2008 seems to be setting a record (at least in my limited perspective) for the most bad news! Although I’ve usually limited my news savvy to what I glean from the news summaries on Meridian , the last few months I allowed myself consistently to be sucked into the screaming headlines and troubling controversies. The day after the election, with the Proposition 8 verdict still too close to call, and all the negatives I’d heard about certain prevailing candidates fresh on my mind, my lower back went into painful spasms.
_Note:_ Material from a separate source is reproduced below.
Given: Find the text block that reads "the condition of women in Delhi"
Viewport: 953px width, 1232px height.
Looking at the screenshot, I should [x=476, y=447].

This has long been my body’s way of telling me I’m way over-tired and over-stressed.
I spent the next few days in bed, barely able to move, but given the opportunity to gain a better perspective.
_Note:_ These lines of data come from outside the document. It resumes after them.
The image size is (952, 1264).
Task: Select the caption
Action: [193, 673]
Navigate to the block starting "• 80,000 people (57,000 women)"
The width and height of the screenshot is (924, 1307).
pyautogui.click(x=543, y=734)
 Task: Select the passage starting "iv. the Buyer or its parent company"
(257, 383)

Turning Into the Good News of the Gospel
Our wise stake leaders had given us the assignment to review and study all the October conference talks before our next stake conference the first week of December. I hadn’t been making great progress, but this down time gave me just the “excuse” I needed to focus on them.
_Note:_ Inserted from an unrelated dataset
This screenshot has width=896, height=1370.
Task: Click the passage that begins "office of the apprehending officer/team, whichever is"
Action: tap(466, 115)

Partly because I’ve preferred to study conference talks in the Ensign , I hadn’t until then discovered how amazingly easy the Church’s web site (lds.org) makes it to click onto the conference videos. But laying helpless in bed, it was better for me to watch the conference videos on my computer than to try to sit up and read them. I began immersing myself in the hope-filled, Spirit-filled words of the Brethren and I never want to quit!
The contrast between the good news of the gospel and the bad news I’d been reading and hearing is something I’ll never forget. There is such a direct connection between the focus of our minds and our feelings; as I focused on light and truth, the darkness I’d been feeling immediately lifted.
Pres. Uchtdorf’s message of hope turned my focus from this world to a better and reminds me that joy need not be a missing commodity. His encouraging words and testimony are so heart-lifting that I want to go back to them over and over. Elder Holland ‘s testimony of the ministering of angels, and that we are never left alone in our problems and troubles is a balm to my soul. The strength of Elder Marcos Aidukaitis’s testimony of the power of the Book of Mormon and the influence of his father’s righteous decisions on him and his posterity lifted me. Elder Wirthlin’s humor and sweet message to accept whatever comes and love it makes me smile every time I think of it. President Monson’s peaceful countenance and words encouraging us to find joy in the journey and relish life reminded me of all the good in my own circumstances-despite what is going on in the world. I could go on an on.
In light of the frightening backlash to the passage of Proposition 8 in California , as I listened again to President Eyring’s message on unity and Elder Hale’s on Christian Courage, as well as many other pertinent messages, I marveled. Once again I could see so clearly the inspiration behind the words of the Brethren. By inspiration they knew beforehand exactly what we were going to need and they gave it to us!
I have been overcome with gratitude for the firm foundation of the gospel, of apostles and prophets, of words of faith and hope to light our way in this darkening world.
And I’ve been so heartened by the courageous and Christ-like responses of Church members to the swell of persecution that has followed our stand on marriage.
But How Can I Stay in Faith, Not Fear?
I’m well aware that my current personal challenges are minor, comparatively speaking. I’m safe and sound in a nice neighborhood in West Jordan , Utah , not likely at the moment to be targeted by hate groups. But what if the Church called on me to be actively involved in the foray? What if I had lived in California ?
Would I have had what it takes to carry “yes” signs and be called names . . . and worse? What if it was our family business that was being boycotted for our support of Proposition 8-our livelihood that was threatened? What if the persecution gets so fierce that I cannot attend a temple even in Utah without harassment?
That’s where the rubber hits the road. I’m a chicken at heart, after all-a people pleasing, peace at any price wimp. Can the Lord really take my weakness and turn it into strength?
Mouthing gospel platitudes won’t be enough as we head into these last days battles for the souls of men. Only a living faith that God is our ever-present help in trouble will be.
How do we get that kind of faith and keep it? A big part of the answer is to turn off the bad news of the world and tune into the good news of the gospel.
Immersing ourselves in the scriptures and conference talks-so easily available-won’t solve all our problems. But it is the best way I know to keep tuned into the very real power of the Spirit. As we invite the guidance of the Holy Ghost and make our minds and hearts a place of faith, I know we will be given the strength we need, day by day to prevail. What more could we ask?